What To Check If The Time Already Looks Correct
Sometimes the clock on the taskbar looks right, yet AutoCAD still halts with the same banner. That usually means a hidden offset or a stale cache that still reflects the old time chain.
- Compare internet vs. local time — Open a public time page on a phone and match to the second. If you see drift, press Sync now again and toggle automatic time off then on.
- Check Regional format vs. Time zone — Regional format doesn’t affect licensing; time zone does. Make sure zone matches your location, not just the format.
- Restart the Windows Time service — From an admin prompt, run
w32tm /resync. On domains, resync the controller, then the workstation. - Look for future-dated files — If a crash or power event stamped system files ahead of real time, FlexNet can complain until the dates are corrected. A careful touch sweep clears it.
Notes For IT Admins
Admin path: Confirm NTP and licensing versions across the fleet, and make snapshot policy clear. Rushed “fixes” like manual clock nudges tend to create new failures later. FlexNet treats time rollback as a tamper sign; clean, network-sourced time avoids repeat hits.
- Standardize NTP — Point servers and clients to a small set of reliable sources; keep stratum sensible.
- Document VM restore steps — After a restore, force resync, reboot, and only then open Autodesk apps.
- Package the Licensing Service — Include the current AdskLicensing installer with AutoCAD deployments and script InstHelper repair steps.
Mistakes That Keep The Error Coming Back
- Manual time tweaks during travel — Let Windows set zone and time from the network; hand edits leave offsets that trip licensing checks.

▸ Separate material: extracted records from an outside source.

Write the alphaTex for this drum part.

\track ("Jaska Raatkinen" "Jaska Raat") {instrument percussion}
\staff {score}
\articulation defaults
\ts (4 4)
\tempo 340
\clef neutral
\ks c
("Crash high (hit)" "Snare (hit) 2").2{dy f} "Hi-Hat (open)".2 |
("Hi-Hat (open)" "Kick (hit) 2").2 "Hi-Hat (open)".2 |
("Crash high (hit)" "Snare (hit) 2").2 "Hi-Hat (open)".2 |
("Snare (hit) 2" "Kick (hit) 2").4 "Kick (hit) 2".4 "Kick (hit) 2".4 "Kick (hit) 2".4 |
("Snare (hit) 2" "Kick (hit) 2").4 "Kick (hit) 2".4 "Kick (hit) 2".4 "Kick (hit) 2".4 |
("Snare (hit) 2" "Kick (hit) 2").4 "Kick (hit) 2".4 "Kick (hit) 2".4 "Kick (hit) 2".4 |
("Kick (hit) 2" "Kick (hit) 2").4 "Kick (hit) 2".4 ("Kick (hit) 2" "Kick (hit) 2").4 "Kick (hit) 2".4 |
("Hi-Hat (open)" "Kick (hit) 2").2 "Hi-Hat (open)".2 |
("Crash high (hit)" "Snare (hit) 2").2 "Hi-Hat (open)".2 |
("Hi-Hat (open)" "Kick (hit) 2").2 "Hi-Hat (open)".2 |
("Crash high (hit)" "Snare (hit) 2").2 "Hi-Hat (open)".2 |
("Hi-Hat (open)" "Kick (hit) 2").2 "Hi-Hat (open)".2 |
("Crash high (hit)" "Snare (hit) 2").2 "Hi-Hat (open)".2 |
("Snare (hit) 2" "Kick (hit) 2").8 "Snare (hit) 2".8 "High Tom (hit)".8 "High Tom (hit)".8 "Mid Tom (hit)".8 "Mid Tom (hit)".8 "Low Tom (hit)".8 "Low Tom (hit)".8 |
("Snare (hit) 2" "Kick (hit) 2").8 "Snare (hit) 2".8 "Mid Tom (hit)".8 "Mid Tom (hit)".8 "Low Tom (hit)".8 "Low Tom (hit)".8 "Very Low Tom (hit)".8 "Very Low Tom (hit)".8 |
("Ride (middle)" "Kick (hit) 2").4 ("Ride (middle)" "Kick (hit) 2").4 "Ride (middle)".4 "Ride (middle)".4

- Ignoring the desktop app warning — If the Autodesk Desktop App flags wrong time, fix it first or later launches stall.
- Reinstalling AutoCAD before fixing time — A full reinstall won’t help until clock and licensing storage agree. Autodesk points to clock and licensing repair as the primary path.
- Leaving FlexNet service stopped — AutoCAD LT often surfaces the message when the service isn’t running or blocked; restart it.
Clear Bottom Line
If you’ve landed here because Autocad Clock Error blocks work, fix the clock first, then refresh licensing. Most launches succeed right after you switch automatic time, press Sync now, and reboot. If the banner lingers, reinstall Autodesk Licensing and reset LoginState.xml. These steps line up with Autodesk’s guidance and FlexNet’s setback checks so your next launch is clean.
Keep a note on your desk: Autocad Clock Error is almost always time and licensing in tandem. Set time by the network, avoid clock rollbacks, and keep the licensing service current. With that combo in place, AutoCAD opens without drama.